▶ [Try it]:
Beginning with the first line below, output every record verbatim and leave out the images.
[Opening Source material section]
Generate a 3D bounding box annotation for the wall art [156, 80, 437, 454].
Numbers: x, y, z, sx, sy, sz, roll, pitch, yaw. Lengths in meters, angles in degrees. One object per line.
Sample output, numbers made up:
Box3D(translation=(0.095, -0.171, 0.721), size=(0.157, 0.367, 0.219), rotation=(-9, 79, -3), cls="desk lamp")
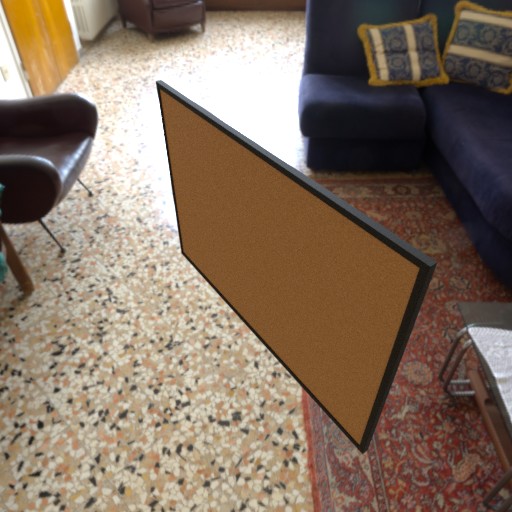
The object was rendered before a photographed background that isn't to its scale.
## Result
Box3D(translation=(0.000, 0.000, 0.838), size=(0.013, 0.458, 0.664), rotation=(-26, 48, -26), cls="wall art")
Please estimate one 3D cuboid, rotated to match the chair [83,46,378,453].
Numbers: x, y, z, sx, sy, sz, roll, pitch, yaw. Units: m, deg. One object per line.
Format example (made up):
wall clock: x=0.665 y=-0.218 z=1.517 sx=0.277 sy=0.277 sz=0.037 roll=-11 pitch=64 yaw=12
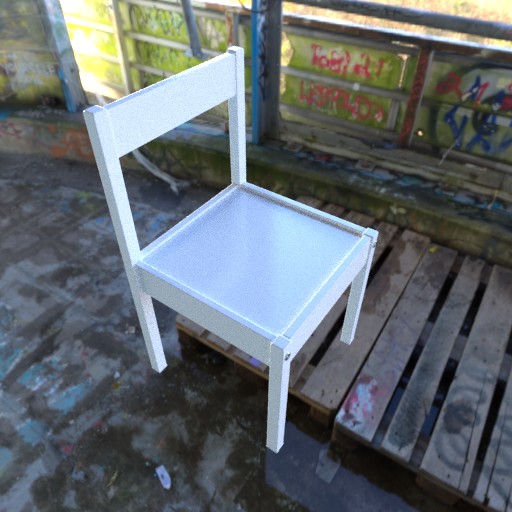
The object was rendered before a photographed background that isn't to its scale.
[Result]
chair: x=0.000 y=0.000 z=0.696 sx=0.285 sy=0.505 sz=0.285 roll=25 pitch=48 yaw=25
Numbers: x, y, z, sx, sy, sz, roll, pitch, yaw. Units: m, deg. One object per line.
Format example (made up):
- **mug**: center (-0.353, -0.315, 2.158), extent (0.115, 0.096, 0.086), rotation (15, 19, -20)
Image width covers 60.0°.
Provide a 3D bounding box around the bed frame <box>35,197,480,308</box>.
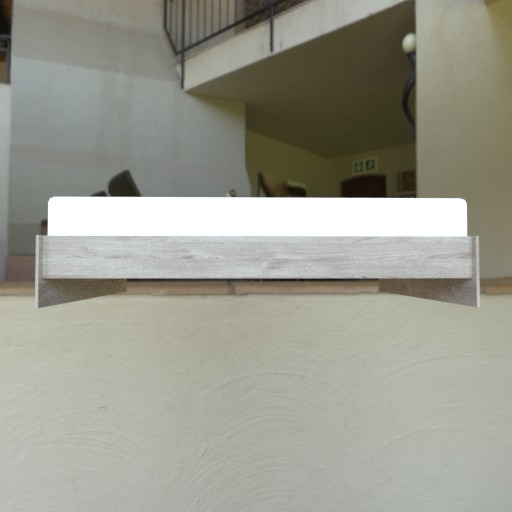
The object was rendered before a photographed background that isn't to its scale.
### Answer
[Closing Source material section]
▶ [Completed exercise]:
Generate a 3D bounding box annotation for the wall art [156, 80, 437, 454].
Numbers: x, y, z, sx, sy, sz, roll, pitch, yaw. Lengths in meters, angles in degrees. One object per line.
Sample output, numbers made up:
Box3D(translation=(0.095, -0.171, 0.721), size=(0.157, 0.367, 0.219), rotation=(-9, 79, -3), cls="desk lamp")
The object was rendered before a photographed background that isn't to its scale.
## Result
Box3D(translation=(0.000, 0.000, 0.838), size=(0.013, 0.458, 0.664), rotation=(-26, 48, -26), cls="wall art")
Please estimate one 3D cuboid, rotated to match the chair [83,46,378,453].
Numbers: x, y, z, sx, sy, sz, roll, pitch, yaw. Units: m, deg. One object per line.
Format example (made up):
wall clock: x=0.665 y=-0.218 z=1.517 sx=0.277 sy=0.277 sz=0.037 roll=-11 pitch=64 yaw=12
The object was rendered before a photographed background that isn't to its scale.
[Result]
chair: x=0.000 y=0.000 z=0.696 sx=0.285 sy=0.505 sz=0.285 roll=25 pitch=48 yaw=25
Numbers: x, y, z, sx, sy, sz, roll, pitch, yaw. Units: m, deg. One object per line.
Format example (made up):
- **mug**: center (-0.353, -0.315, 2.158), extent (0.115, 0.096, 0.086), rotation (15, 19, -20)
Image width covers 60.0°.
Provide a 3D bounding box around the bed frame <box>35,197,480,308</box>.
The object was rendered before a photographed background that isn't to its scale.
### Answer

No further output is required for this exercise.